Außerdem erfuhr Özben, dass gegen ihren Mann ein Ermittlungsverfahren wegen FETÖ-Mitgliedschaft eingeleitet wurde. Özben will trotz allem an keinen Zusammenhang zwischen den Ermittlungen und der Entführung glauben. Sollte eine Straftat vorliegen, so müsse dieses auf dem Rechtsweg erwiesen werden.
Daher legte Özben die ihr vorliegenden Informationen, sowie Videoaufzeichnungen von der Tat der Polizei und Staatsanwaltschaft vor. Trotz der Hinweise konnte der verdächtige Wagen jedoch nicht identifiziert werden. Es wurde eine Vermisstenanzeige aufgenommen und eine Ermittlungsakte angelegt.
Die Ermittlungen blieben ergebnislos. Vielleicht weil seit Beginn dieser bereits drei mal der Staatsanwalt gewechselt hat. Özben stellte diverse Untersuchungsanträge unter anderem bei der Präfektur Ankara, beim Ministerpräsidialamt und beim Amt des Staatspräsidenten diverse Untersuchungsanträge – alle unbeantwortet.
Die Häufung dieser Art von Fällen, wie die von Özben, wird auch politisch diskutiert.

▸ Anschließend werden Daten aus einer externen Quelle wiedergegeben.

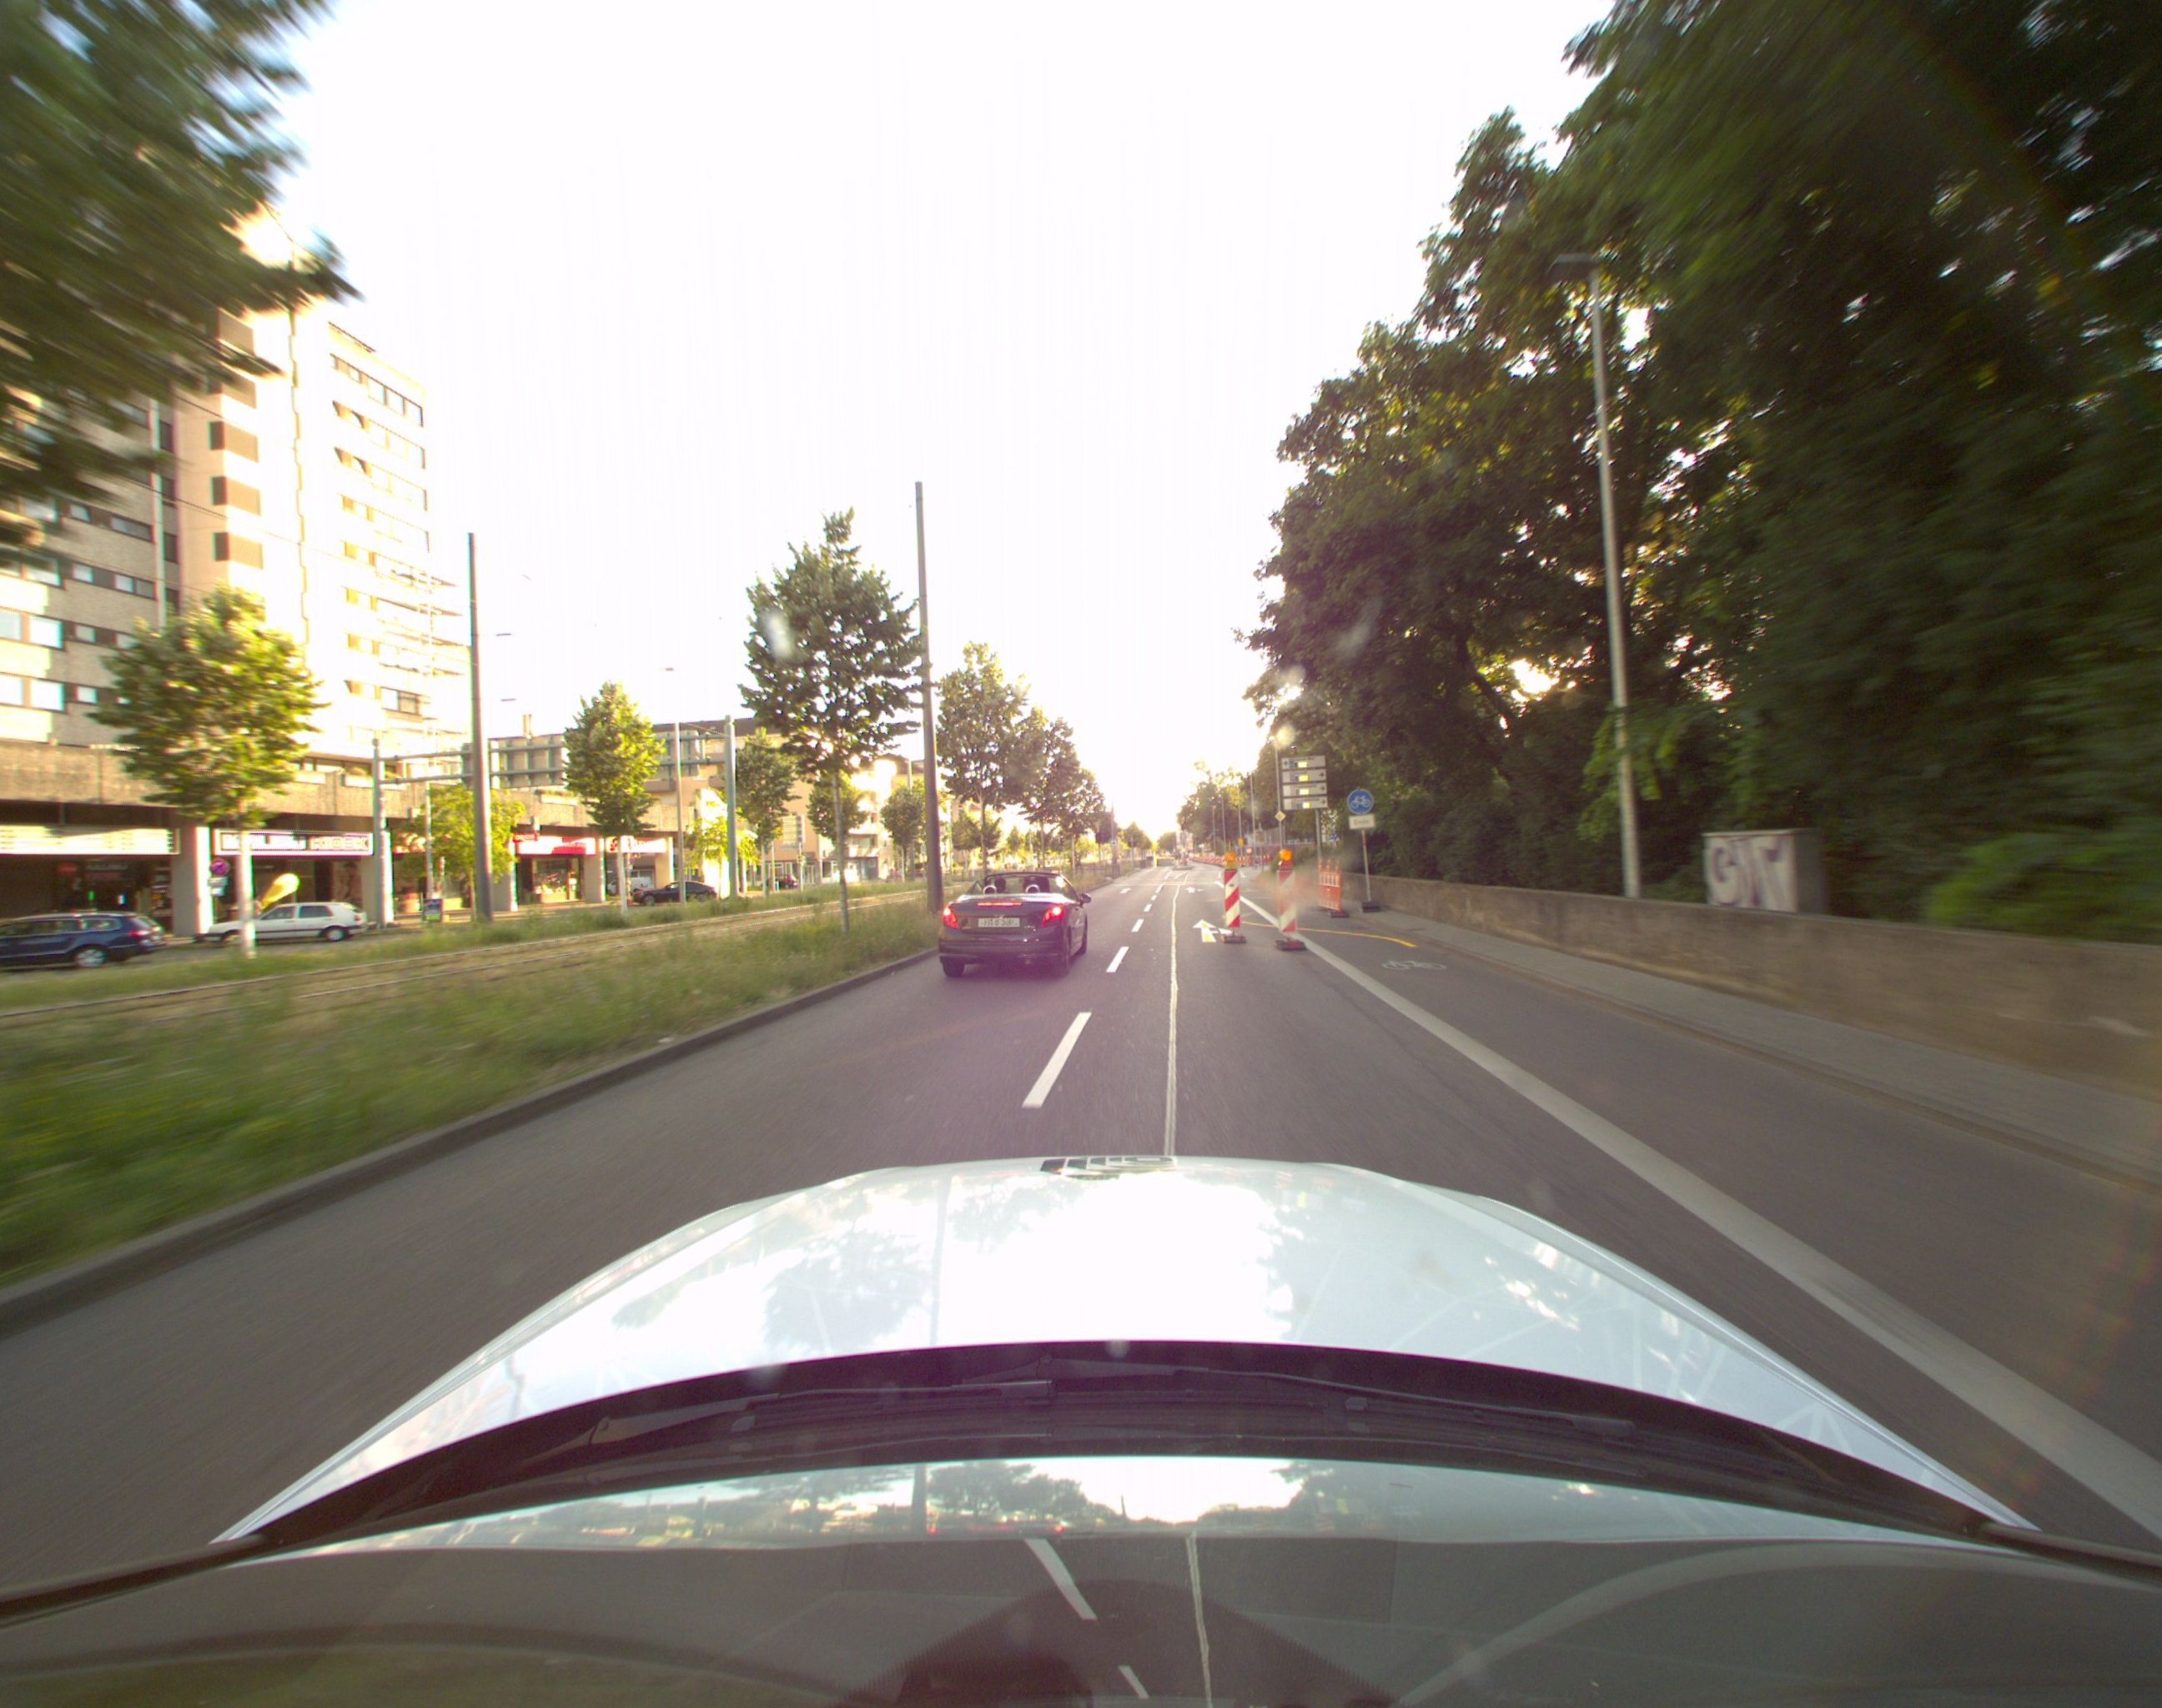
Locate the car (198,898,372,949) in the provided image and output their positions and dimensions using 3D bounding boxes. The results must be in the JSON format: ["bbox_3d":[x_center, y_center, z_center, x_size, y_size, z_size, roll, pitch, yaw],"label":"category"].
[{"bbox_3d":[-28.149,2.417,29.004,4.146,1.436,1.807,-1,0,-33],"label":"car"}]

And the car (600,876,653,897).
[{"bbox_3d":[-49.043,3.501,87.908,4.465,1.990,2.170,-2,-1,5],"label":"car"}]

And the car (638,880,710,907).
[{"bbox_3d":[-25.266,2.432,50.541,3.747,1.450,1.725,-3,-1,-36],"label":"car"}]

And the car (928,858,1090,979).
[{"bbox_3d":[-0.883,0.815,12.086,1.710,1.449,3.907,-1,0,5],"label":"car"}]

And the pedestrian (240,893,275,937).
[{"bbox_3d":[-31.833,2.360,31.491,0.660,1.661,0.662,0,0,7],"label":"pedestrian"}]

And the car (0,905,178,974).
[{"bbox_3d":[-28.625,2.392,22.646,4.302,1.590,1.988,-2,-1,-34],"label":"car"}]

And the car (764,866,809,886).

Sezgin Tanrıkulu, CHP-Ageordneter aus Istanbul, brachte das Thema „Verschleppung“ im Parlament auf die Tagesordnung und stellt Fragen zum Verbleib der seit dem vergangenen Jahr verschwundenen 13 Menschen.
Seit Tanrıkulu, der seinerzeit als Anwalt Angehörige von anderen „Verschwundene“ vertreten hatte, sich dem Thema angenommen hat, sorgt sich Emine Özben um das Leben ihres Mannes. Dass die Familien von anderen Verschwundenen, ähnlich wie im Falle von Özben keine Informationen von den Behörden erhalten, verstärkt die Befürchtung um eine mögliche Entführung. Die Suche nach eigenen Hinweisen will Özben aber nicht aufgeben.
Önder Asan, Lehrer an einer inzwischen per Notstandsdekret geschlossenen Privatschule, wurde am 1. April 2017 in Yenimahalle, einem an Ankara nahe gelegenen Landkreis, entführt. Es ließ sich rekonstruieren, dass Asan ein Taxi nahm, weil die Reifen seines Autos abgenommen worden waren, aus dem er dann gewaltsam heraus gezerrt und in einem Transporter entführt wurde. 41 Tage nach seiner Entführung tauchte Önder Asan am 12. Mai 2017 in der Abteilung Organisierte Kriminalität des Polizeipräsidiums in Ankara wieder auf.
Erst zu diesem Zeitpunkt wurde Asans Familie über seine Festnahme unterrichtet. Als sein Anwalt aufs Präsidium kam, um seinen Mandaten zu sprechen, wurde er erst am Folgetag durchgelassen. Asan berichtete, dass das Taxi, indem er am 1. April 2017 fuhr, von vier anderen Wagen gestoppt wurde und er anschließend von Bewaffneten Männern entführt worden sei. Diese hätten sich ihm gegenüber als Polizisten ausgegeben, ihn 41 Tage in einer Zelle von 1,5 qm festgehalten und gefoltert und am 12. Mai 2017 am Eymir-See der Polizei übergeben.
Folgende Menschen wurden dem Menschenrechtsverein in Ankara als entführt gemeldet:
Önder Asan, Sunay Elmas, Mustafa Özgür Gültekin, Hüseyin Kötüce, Ayhan Oran, Mesut Geçer, Turgut Çapan, Cengiz Usta, Mustafa Özben, Fatih Kılıç, Durmuş Ali Çetin, Cemil Koçak, Murat Okumuş.